Simon would eventually turn his experience into a successful Broadway play, Laughter on the
23rd Floor, which provided a showcase for Nathan Lane as the Caesar-like star. (Simon later
rewrote the play into a cable TV movie, which currently appears to be unavailable in any form.)
Reiner took a more oblique approach with The Dick Van Dyke Show, which focused on the life of
a live comedy show's head writer both at home and in the office, with Reiner himself making
guest appearances as the show's capricious and tyrannical host.
But it was Brooks's account of being assigned, as a junior writer, to babysit guest star (and
unrepentant drunkard) Errol Flynn that inspired the script for My Favorite Year. The fact that
there is no record of Flynn ever having appeared on Your Shows of Shows does not seem to
have deterred Brooks from sticking to his tall tale, and the resulting film demonstrates that truth doesn’t really matter when a story is so gloriously funny. My Favorite Year netted a
well-deserved Oscar nomination for star Peter O'Toole, who tore into the role of a faded matinee
idol with gleeful gusto. The film also provided a graceful transition to directing for actor Richard
Benjamin, who skillfully guided the ensemble surrounding O'Toole through the precision
machinery of the Steinberg/Palumbo script.
Responding to innumerable fan requests, the Warner Archive Collection has added My Favorite
Year to its roster in an immaculately remastered Blu-ray.

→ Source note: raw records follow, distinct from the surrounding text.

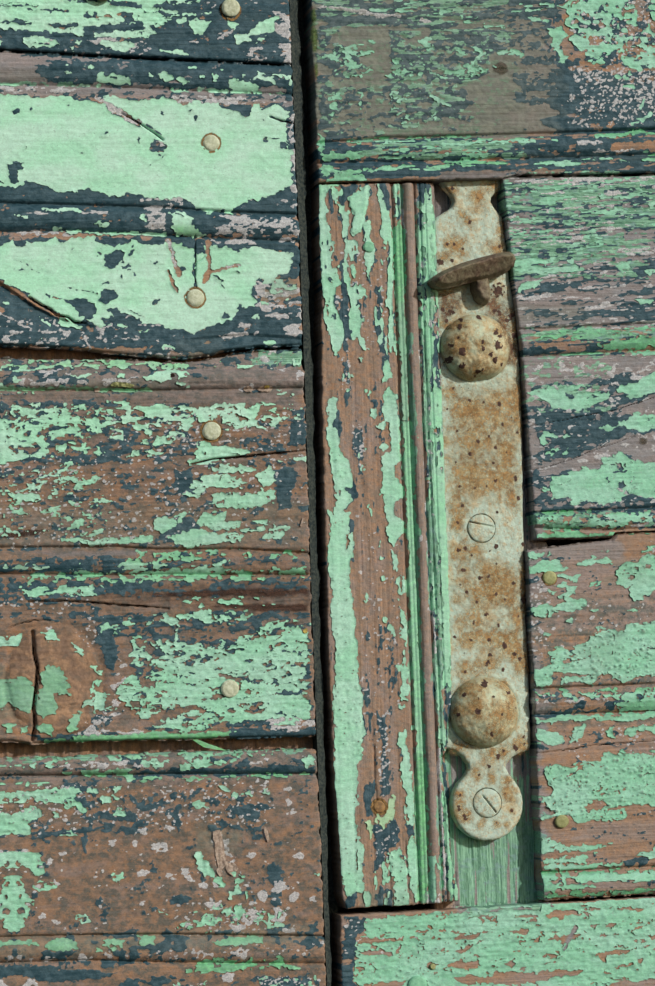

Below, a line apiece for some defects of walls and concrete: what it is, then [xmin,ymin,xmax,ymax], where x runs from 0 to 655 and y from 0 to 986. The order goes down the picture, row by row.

peeling [0,0,212,52]
peeling [511,0,655,89]
peeling [0,49,297,335]
corrosion [437,235,465,265]
corrosion [458,181,498,225]
corrosion [439,282,518,379]
peeling [0,344,307,598]
crack [200,451,293,463]
peeling [316,134,655,986]
corrosion [443,378,529,827]
peeling [0,596,315,836]
peeling [0,851,78,952]

My Favorite Year was shot by Gerald Hirschfeld (Young Frankenstein), who supplied a gently
warm palette to complement the film's narrative structure as a memory play told by Benjy Stone.

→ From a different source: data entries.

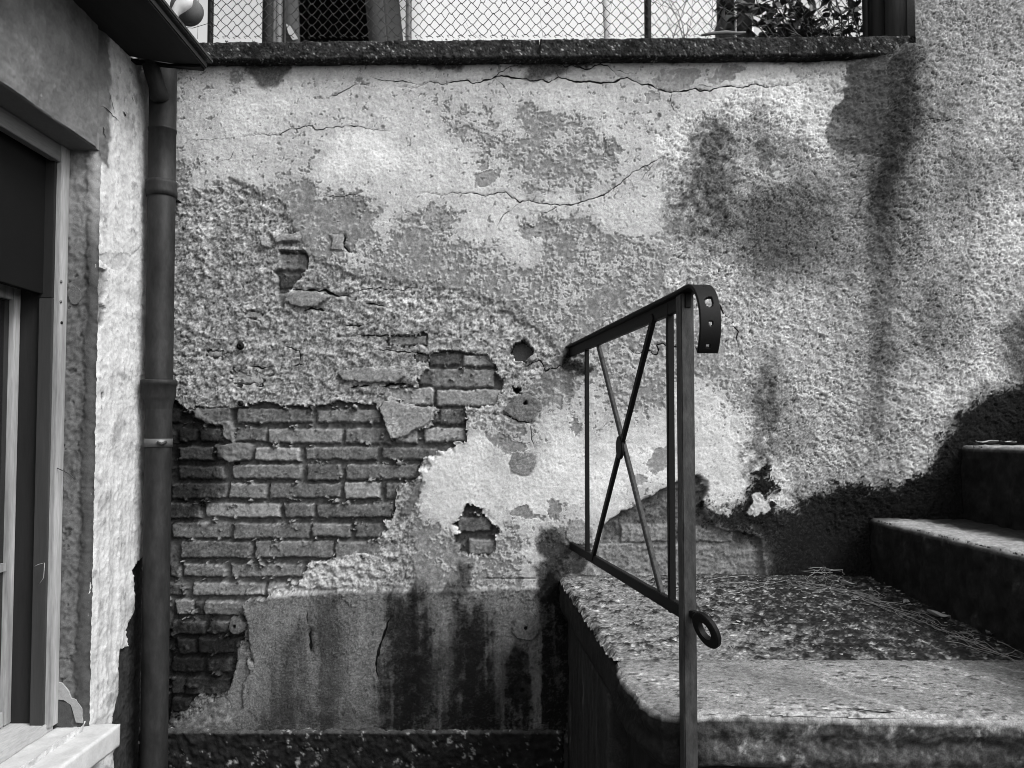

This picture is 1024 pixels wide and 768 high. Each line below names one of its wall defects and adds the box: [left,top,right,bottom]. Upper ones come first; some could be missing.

crack [325,39,807,110]
crack [431,142,678,224]
flaking render [274,249,309,307]
flaking render [168,331,528,722]
damp [374,527,591,733]

The film looked pretty good on DVD (at least, as I recall it), but its 1080p, AVC-encoded Blu-ray presentation is far superior. Warner's Motion Picture Imaging facility has newly scanned an
interpositive at 2K, followed by the Warner Archive Collection's customarily thorough cleanup
to remove dirt, scratches and age-related damage. The result is a wonderfully film-like image
with fine detail that showcases the film's (idealized) period production design. Clarity,
densities and color saturation are superior throughout, and the blacks are truly black (men like
Alan Swann wore tuxedos to elegant restaurants in those days, which means the deep blacks are
critical). The reproduction is so faithful that, at the one-hour time mark, when Stone and Swann
are on a Manhattan rooftop looking down, you may spot the matte lines around their heads where
the nighttime sky has been added by optical superimposition. (See screenshot 18; the visibility of
the outlines will vary, depending on one's display and calibration.) This is not "banding", as some
viewers may wonder, but an artifact of the era's effects technology. WAC could have erased it
digitally but, as usual, has chosen to preserve the film in its original form. Artifacts that might be
attributed to the process of taking analog film into the digital realm are non-existent. WAC has
mastered My Favorite Year at its usual high bitrate, here just under 35 Mbps.
(Note that WAC's Blu-ray departs from the now-familiar practice, at both Warner and other studios, of reformatting films framed at 1.85:1 to 1.78:1. WAC has retained the original aspect ratio, and tiny black bars appear at top and bottom, although they will be hidden by overscan on most displays.)
My Favorite Year was released in mono, which WAC has encoded in lossless DTS-HD MA 2.0. As mono tracks go, this one is particularly good, with a skillfully mixed selection of effects and dialogue, of which the latter is always clear. The musical score ranging from nostalgic to mock-heroic was supplied by Ralph Burns (winner of Oscars for both Cabaret and All That Jazz), and the film opens with a sweetly reproduced rendition of "Stardust" sung by another "King", Nat "King" Cole.
Even though the film boasts an Oscar-nominated lead performance by a cinema superstar, not enough people know the comic gem that is My
Favorite Year. The movie remains a comedic masterwork that hasn't aged a day, and Warner's
excellent Blu-ray should serve as a fine introduction to neophytes as well as a reward to fans who
have been patiently waiting. Highly recommended.